When the Australian government recently announced plans to deregulate tuition fees and let universities set their own prices, Bruce Chapman was “gobsmacked to see the radicalness of the suggested reforms”.
The professor of economics and director of policy impact at the Australian National University’s Crawford School of Public Policy is no easily shocked novice: he is seen as the architect of Australia’s Higher Education Contribution Scheme. When introduced in 1989, HECS was the first national income-contingent loan scheme to use a country’s income tax system for collection – a model eventually followed in England.
The Australian government has failed to appreciate just how successful income-contingent loans are in freeing students from worries about fee levels, argued Professor Chapman, who recently edited a book on the use of such loans in social and economic policy areas beyond higher education with Nobel prizewinning economist Joseph Stiglitz.
The sheer effectiveness of such loans kills any notion of a market in which universities compete on price and will leave universities free to raise charges to heights far above the actual cost of teaching students, predicted the economist, who also believes that the plans will not make it through Australia’s parliament in their current form.
Announcing the lifting of the cap in May, the conservative government framed it as allowing Australia’s universities to compete with the “world’s best”. There will also be a 20 per cent cut in direct government funding for universities. The plans sparked a wave of student protests and attracted attention from across the world of higher education – not least in England, where Sir Howard Newby, the vice-chancellor of the University of Liverpool, recently advocated uncapped fees.
Right now, the fee cap ranges from A$6,044 to A$10,085 a year (£3,358 to £5,603), varying with the type of course studied.
‘Misplaced and naive’ idea
Professor Chapman – who talked to Times Higher Education on a recent visit to London, where he spoke at an event hosted by the University Alliance, the Higher Education Policy Institute and Royal Holloway, University of London – said that some rise in fees was justifiable.
“I would have thought price discretion to cover [the 20 per cent cut in government funding] plus a little bit more would have been entirely reasonable and sensible.” And he argued that the example of England suggests that poor students would not be deterred by higher fees.
But the former economic adviser to Labor prime minister Paul Keating said of wholesale fees deregulation: “Those of us who’ve been involved know with some confidence that if you apply basic economic principles to higher education pricing and funding, you’ll get it wrong. The idea that this is a competitive market that will deliver allocative efficiency so long as government gets off its back is misplaced and naive.”
He added: “Once you start letting a government monopoly instrument – the income tax system with an income-contingent loan – be used by private interest groups like the universities, then you can very likely end up with a situation where the instrument itself becomes a [means] to seek rent from students.” And there would be “questions about the ethics” of that, he said.
Removing “the fear of poverty” makes income-contingent loans a highly effective insurance mechanism for students, Professor Chapman continued.
Many economists would argue that “budget constraints will determine the world” when it comes to higher education, as they do in other spheres.

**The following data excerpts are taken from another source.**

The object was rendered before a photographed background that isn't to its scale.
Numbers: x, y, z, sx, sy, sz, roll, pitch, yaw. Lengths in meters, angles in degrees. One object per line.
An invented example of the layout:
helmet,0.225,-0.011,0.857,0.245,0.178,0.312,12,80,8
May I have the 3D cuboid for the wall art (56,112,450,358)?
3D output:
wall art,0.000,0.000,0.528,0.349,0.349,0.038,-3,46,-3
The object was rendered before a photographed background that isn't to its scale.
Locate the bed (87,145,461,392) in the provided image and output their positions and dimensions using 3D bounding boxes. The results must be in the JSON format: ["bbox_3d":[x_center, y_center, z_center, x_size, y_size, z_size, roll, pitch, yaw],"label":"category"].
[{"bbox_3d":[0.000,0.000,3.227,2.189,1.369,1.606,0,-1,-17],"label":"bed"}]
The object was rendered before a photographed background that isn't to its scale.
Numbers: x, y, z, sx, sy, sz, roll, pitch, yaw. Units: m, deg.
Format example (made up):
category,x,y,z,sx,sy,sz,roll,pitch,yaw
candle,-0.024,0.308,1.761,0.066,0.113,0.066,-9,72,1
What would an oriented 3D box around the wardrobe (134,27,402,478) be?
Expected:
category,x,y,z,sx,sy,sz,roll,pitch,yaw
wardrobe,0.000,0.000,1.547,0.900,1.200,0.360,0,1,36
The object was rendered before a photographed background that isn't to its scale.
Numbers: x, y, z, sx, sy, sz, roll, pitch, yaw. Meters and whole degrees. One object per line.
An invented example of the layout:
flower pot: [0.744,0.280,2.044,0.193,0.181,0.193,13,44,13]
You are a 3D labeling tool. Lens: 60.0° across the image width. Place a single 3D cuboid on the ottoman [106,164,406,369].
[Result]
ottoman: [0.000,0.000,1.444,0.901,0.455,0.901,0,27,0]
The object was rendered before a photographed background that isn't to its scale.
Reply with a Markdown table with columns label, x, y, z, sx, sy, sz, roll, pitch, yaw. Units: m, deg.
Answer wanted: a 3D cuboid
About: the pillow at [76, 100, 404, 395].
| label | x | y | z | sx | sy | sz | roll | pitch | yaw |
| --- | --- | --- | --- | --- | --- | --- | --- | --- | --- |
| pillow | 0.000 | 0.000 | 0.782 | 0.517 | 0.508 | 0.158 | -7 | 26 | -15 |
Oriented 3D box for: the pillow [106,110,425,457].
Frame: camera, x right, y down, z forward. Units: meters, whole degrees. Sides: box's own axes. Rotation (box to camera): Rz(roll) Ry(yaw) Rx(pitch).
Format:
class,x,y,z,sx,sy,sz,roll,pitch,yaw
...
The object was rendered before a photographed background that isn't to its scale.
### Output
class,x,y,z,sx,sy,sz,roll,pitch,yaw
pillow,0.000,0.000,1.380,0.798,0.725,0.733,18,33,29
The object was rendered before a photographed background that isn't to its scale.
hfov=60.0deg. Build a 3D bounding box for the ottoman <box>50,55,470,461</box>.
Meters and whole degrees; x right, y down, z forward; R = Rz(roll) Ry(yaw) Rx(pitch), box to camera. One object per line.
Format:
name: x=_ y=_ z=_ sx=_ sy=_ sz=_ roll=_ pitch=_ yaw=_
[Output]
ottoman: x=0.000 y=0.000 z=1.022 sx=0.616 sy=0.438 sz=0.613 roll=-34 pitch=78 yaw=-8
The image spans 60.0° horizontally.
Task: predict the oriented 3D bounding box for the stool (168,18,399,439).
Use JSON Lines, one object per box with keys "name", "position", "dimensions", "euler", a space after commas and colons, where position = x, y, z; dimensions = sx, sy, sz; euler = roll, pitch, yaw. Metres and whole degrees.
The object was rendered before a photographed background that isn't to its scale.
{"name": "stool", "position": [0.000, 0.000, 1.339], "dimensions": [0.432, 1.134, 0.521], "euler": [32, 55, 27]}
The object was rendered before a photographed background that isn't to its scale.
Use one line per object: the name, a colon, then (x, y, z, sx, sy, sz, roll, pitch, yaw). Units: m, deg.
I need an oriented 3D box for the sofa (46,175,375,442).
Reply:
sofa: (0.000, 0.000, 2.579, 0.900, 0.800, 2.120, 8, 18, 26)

But “when you’ve an income-contingent loan, you don’t have a budget constraint, that’s the problem”, Professor Chapman said.
He said that under the planned changes, fees for domestic students would be capped at the levels of those for international students. In 2013, the University of Sydney charged overseas undergraduates up to A$40,000, rising to about A$62,000 in medicine. Such a framework on domestic fees “suits the powerful institutions” of the Group of Eight, Professor Chapman said, as their fees for international students are the highest.
The plans will also link the interest rate on student loans to the government bond rate, rather than to inflation, meaning that graduates will pay an interest rate of up to 6 per cent – up from 2.9 per cent now.
But the whole package must pass through the Australian parliament, and Tony Abbott’s government lacks a majority in the upper house.
Professor Chapman said: “The package as a whole right now – I can’t imagine it getting through the upper house. I can imagine a reform of it passing. The reform might have a more subsidised interest rate and it might put a cap on [fees].
“But the government is very resistant on that. They say, pretty much without reservation, ‘deregulation is a great thing, we want competition, this is the way to turn the University of Western Sydney into Harvard’…They will fight very hard not to give up on an ideological position about the value of competition.”
And Professor Chapman warned: “The unintended consequence from this model will be that the fees will go up much more than they [the government] anticipate, and be beyond what students are [now] costing taxpayers. That to me is the big bottom line from it.”